*EXERCISE INPUT*:

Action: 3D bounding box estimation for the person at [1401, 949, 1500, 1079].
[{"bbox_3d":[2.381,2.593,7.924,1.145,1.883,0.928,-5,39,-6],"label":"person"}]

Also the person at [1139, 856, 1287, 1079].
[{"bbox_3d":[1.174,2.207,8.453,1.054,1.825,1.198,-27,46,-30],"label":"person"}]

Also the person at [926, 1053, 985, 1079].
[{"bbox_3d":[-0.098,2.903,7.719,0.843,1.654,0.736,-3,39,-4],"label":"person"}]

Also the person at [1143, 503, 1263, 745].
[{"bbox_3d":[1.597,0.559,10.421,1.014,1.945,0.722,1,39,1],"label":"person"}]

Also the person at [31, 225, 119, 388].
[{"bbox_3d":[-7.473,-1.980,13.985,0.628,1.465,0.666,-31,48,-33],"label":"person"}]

==

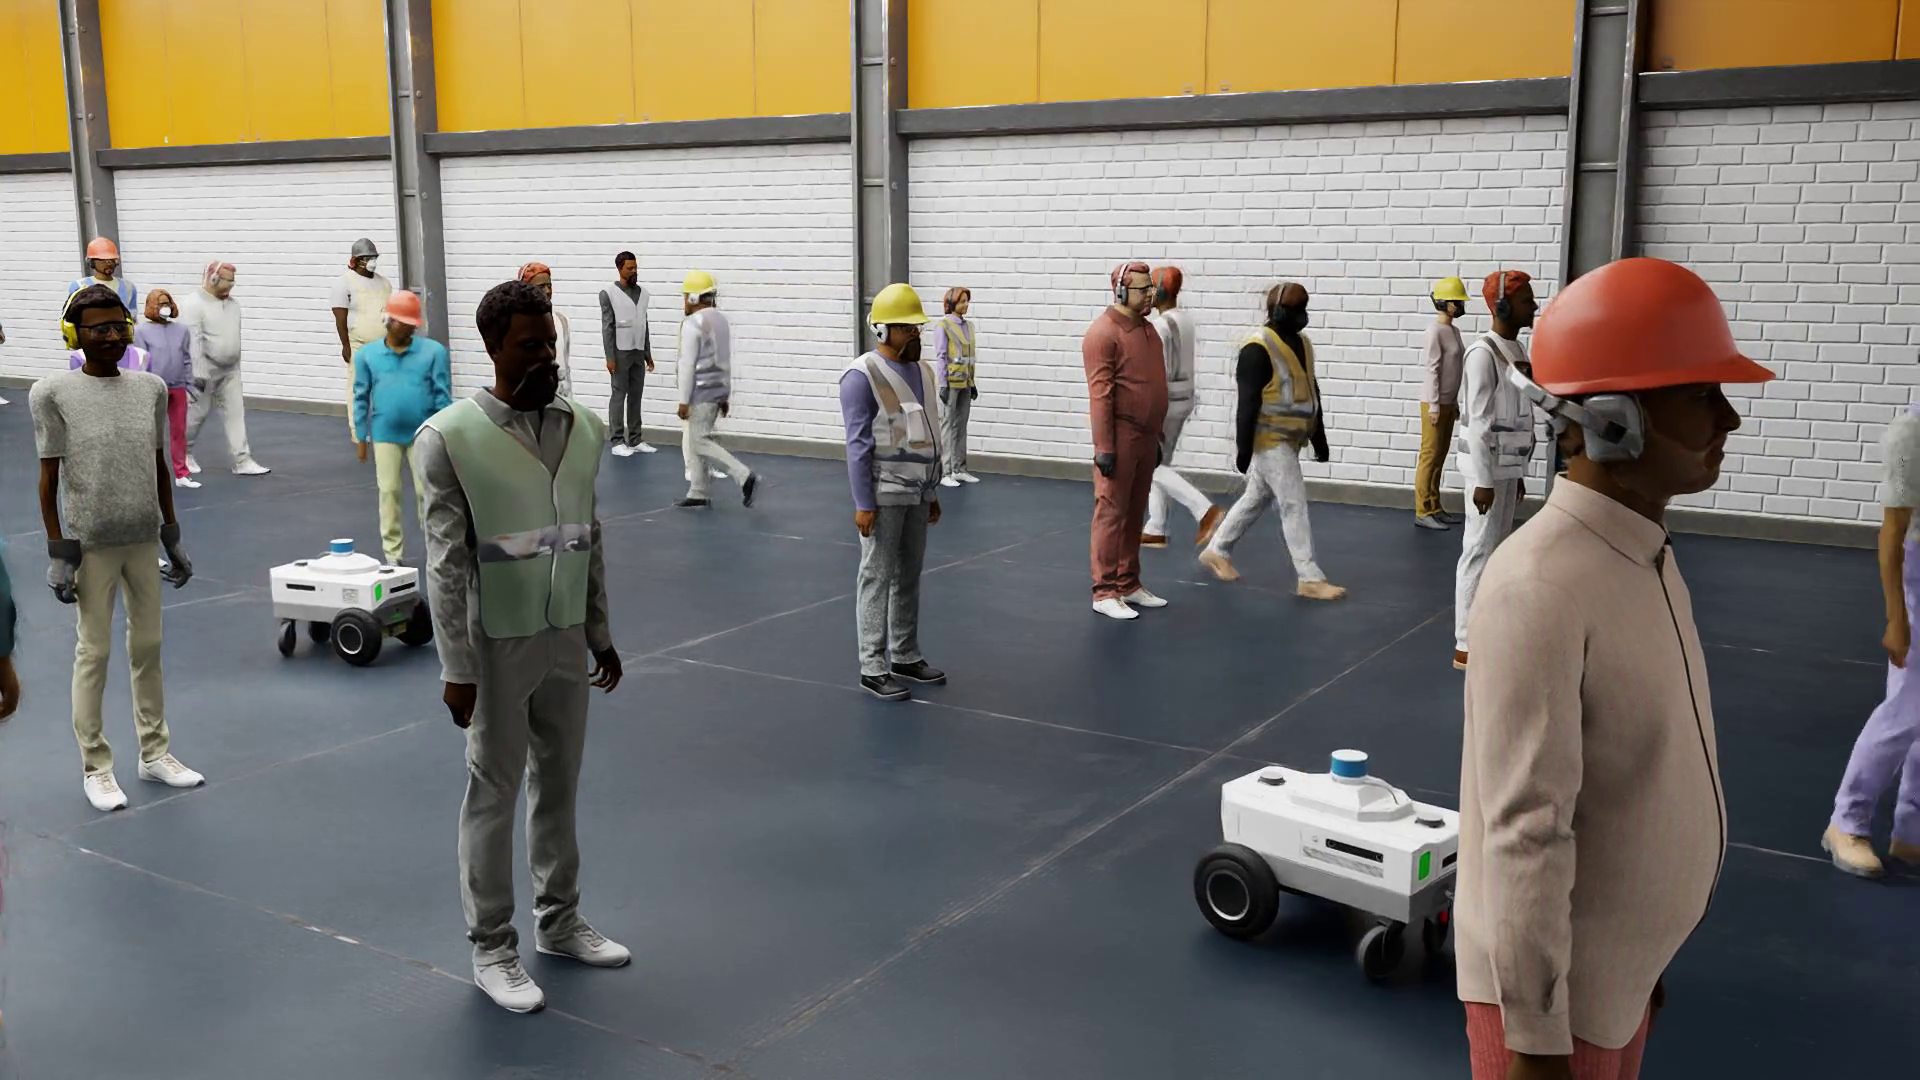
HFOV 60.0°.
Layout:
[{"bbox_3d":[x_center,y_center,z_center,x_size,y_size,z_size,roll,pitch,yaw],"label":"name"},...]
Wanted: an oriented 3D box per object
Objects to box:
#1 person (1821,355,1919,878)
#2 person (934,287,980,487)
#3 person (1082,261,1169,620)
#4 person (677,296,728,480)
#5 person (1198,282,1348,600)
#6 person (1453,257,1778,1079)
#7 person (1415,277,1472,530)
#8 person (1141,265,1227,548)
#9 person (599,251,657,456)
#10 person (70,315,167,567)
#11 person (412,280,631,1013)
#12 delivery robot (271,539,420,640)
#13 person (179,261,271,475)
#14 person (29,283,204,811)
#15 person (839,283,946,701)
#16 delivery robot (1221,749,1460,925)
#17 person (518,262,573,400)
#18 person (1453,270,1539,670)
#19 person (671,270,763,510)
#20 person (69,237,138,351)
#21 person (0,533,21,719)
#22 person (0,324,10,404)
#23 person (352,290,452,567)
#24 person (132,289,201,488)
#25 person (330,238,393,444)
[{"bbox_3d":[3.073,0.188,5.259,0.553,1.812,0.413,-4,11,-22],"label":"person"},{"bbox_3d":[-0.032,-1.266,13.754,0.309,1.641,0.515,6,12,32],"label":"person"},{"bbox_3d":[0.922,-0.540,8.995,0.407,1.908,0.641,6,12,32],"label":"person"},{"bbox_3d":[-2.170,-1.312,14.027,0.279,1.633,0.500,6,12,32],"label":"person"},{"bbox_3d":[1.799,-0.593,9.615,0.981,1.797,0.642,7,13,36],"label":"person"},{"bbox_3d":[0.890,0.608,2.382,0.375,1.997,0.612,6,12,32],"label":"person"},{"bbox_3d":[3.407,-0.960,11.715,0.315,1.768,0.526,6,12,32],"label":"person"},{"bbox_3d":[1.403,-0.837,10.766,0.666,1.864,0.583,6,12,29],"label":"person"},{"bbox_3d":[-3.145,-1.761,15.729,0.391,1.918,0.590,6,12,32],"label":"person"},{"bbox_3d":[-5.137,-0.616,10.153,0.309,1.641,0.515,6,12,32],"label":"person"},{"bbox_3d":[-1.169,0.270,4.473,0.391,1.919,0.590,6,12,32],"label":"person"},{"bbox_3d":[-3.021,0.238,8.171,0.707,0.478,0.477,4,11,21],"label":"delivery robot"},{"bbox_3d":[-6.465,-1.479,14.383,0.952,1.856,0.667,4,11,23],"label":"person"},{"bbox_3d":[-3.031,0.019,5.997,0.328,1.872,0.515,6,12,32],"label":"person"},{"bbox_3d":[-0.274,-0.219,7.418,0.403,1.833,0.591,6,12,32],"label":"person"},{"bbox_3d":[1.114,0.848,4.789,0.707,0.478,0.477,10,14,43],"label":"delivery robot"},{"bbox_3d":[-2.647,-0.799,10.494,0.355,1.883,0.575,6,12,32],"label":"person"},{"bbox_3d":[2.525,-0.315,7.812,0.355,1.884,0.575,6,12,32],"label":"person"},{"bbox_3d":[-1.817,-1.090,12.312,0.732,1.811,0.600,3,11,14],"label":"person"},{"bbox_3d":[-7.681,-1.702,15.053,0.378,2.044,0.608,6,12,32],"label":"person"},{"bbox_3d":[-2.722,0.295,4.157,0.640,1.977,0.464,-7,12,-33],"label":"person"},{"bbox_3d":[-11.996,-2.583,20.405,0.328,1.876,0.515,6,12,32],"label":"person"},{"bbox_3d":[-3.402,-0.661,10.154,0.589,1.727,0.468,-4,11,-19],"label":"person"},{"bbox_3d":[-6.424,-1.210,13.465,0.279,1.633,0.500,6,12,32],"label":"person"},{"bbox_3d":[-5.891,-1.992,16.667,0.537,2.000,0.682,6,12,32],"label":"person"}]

--

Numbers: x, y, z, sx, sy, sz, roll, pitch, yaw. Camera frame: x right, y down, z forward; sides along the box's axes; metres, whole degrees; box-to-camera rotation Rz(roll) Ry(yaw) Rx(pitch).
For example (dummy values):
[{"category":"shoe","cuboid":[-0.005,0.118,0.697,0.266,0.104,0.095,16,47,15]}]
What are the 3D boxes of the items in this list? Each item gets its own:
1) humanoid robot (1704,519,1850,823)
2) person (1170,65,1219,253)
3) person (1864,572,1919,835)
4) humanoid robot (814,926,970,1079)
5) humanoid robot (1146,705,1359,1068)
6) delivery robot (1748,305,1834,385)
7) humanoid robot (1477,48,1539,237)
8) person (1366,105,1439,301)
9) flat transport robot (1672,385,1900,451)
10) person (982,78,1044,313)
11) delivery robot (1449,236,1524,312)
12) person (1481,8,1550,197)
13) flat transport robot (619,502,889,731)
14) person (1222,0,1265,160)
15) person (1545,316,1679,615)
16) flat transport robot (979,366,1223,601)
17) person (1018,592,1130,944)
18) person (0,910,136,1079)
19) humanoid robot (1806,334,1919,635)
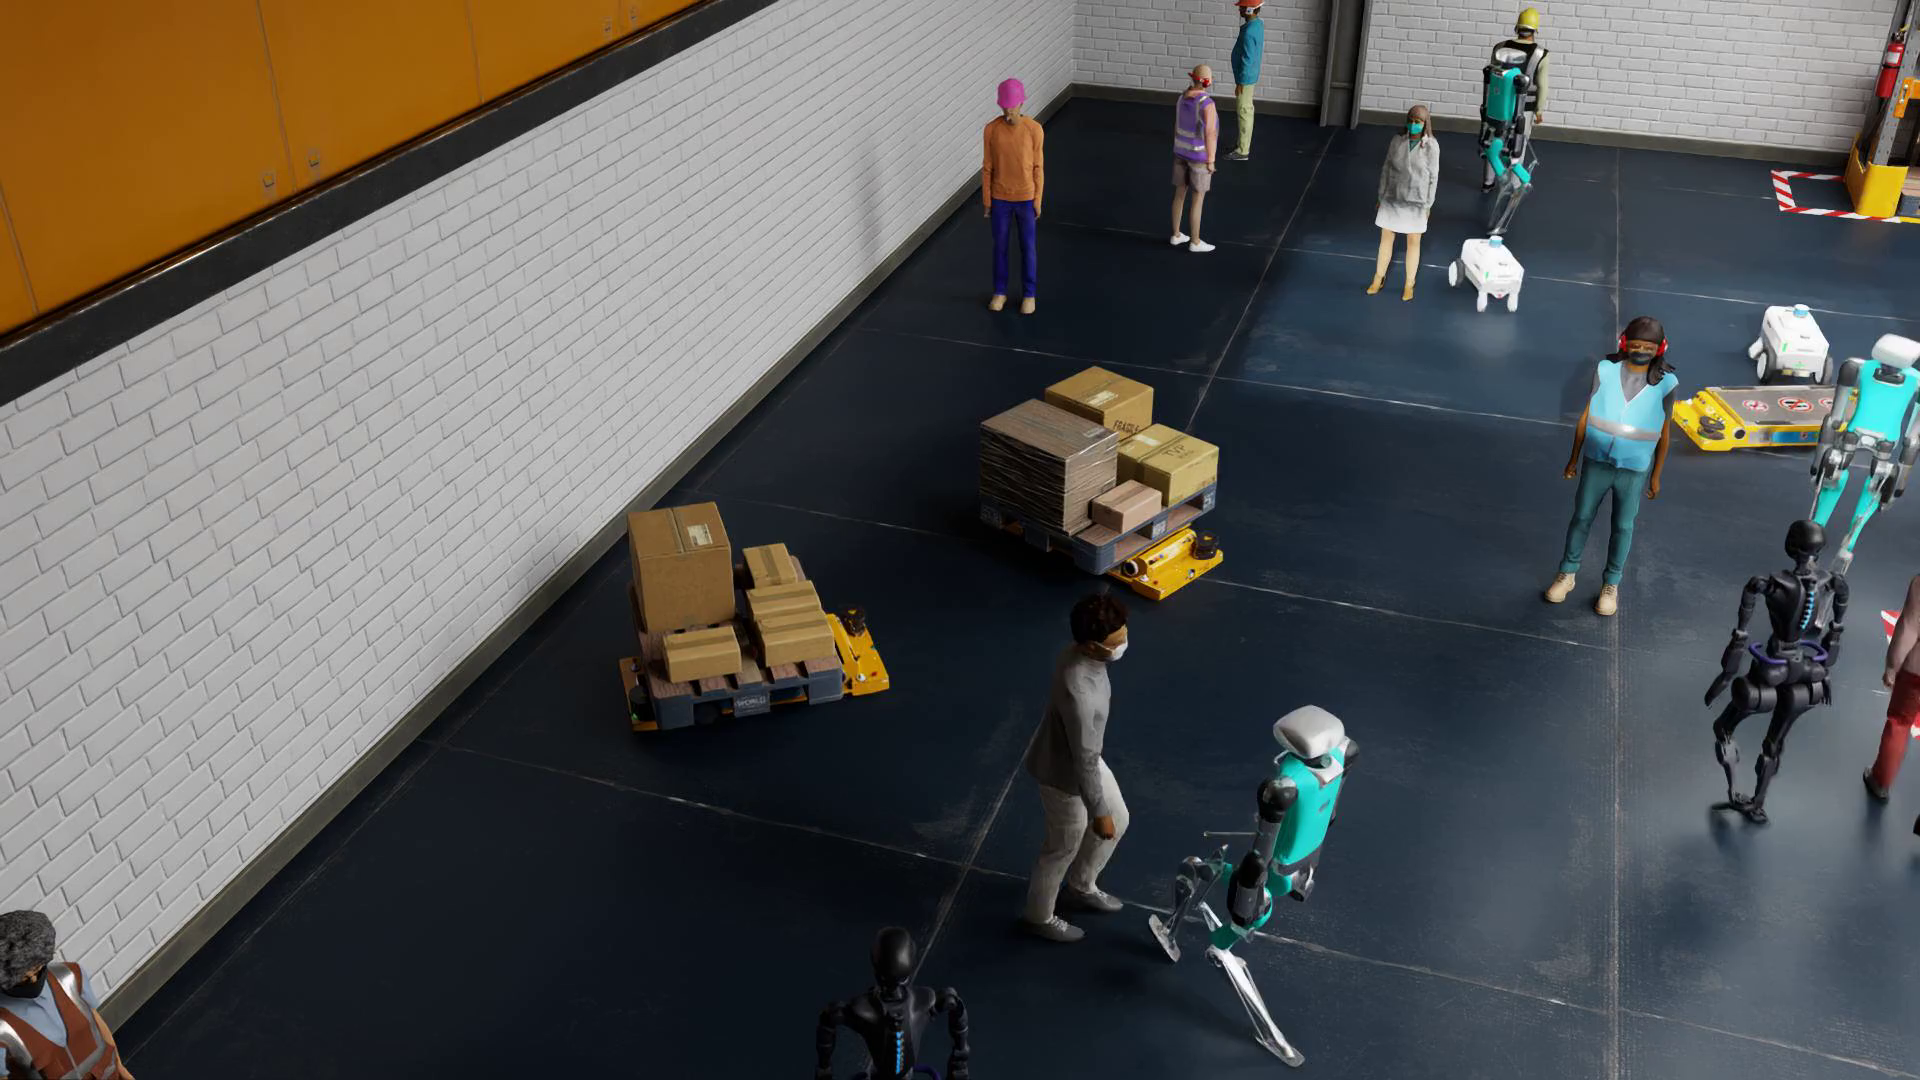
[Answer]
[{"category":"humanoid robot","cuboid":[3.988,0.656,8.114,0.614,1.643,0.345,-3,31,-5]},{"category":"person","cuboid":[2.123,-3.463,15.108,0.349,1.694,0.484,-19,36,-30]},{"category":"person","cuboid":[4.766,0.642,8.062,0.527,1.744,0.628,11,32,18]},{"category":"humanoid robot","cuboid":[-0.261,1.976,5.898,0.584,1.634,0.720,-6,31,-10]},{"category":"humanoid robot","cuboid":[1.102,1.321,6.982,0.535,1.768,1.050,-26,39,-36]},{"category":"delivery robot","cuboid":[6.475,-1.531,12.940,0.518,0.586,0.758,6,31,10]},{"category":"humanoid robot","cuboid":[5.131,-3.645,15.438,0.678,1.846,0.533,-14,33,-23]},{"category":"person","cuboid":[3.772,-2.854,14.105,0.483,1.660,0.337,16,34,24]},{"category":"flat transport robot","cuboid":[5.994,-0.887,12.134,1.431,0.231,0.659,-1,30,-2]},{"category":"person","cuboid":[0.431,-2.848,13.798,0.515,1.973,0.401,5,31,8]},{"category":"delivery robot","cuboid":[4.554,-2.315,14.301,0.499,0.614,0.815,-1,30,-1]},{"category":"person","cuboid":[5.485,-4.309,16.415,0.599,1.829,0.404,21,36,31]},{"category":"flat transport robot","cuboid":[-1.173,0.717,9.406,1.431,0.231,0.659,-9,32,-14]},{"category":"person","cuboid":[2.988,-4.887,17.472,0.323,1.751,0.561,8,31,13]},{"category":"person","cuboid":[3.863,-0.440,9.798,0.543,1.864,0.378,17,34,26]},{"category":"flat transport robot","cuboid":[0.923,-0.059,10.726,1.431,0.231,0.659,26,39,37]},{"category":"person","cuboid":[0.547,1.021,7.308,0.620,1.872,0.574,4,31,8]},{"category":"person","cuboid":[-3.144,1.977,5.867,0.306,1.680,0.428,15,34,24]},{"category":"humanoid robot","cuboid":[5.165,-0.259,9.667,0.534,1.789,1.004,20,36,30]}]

*TASK TO COMPLETE*: Your task for the entries above: copy exactly the span starting with the line with "#12 delivery robot (271,539,420,640)" and going on through the line with "#24 person (132,289,201,488)", both lines included, and nothing else.

*RESULT FOR THIS EXERCISE*:
#12 delivery robot (271,539,420,640)
#13 person (179,261,271,475)
#14 person (29,283,204,811)
#15 person (839,283,946,701)
#16 delivery robot (1221,749,1460,925)
#17 person (518,262,573,400)
#18 person (1453,270,1539,670)
#19 person (671,270,763,510)
#20 person (69,237,138,351)
#21 person (0,533,21,719)
#22 person (0,324,10,404)
#23 person (352,290,452,567)
#24 person (132,289,201,488)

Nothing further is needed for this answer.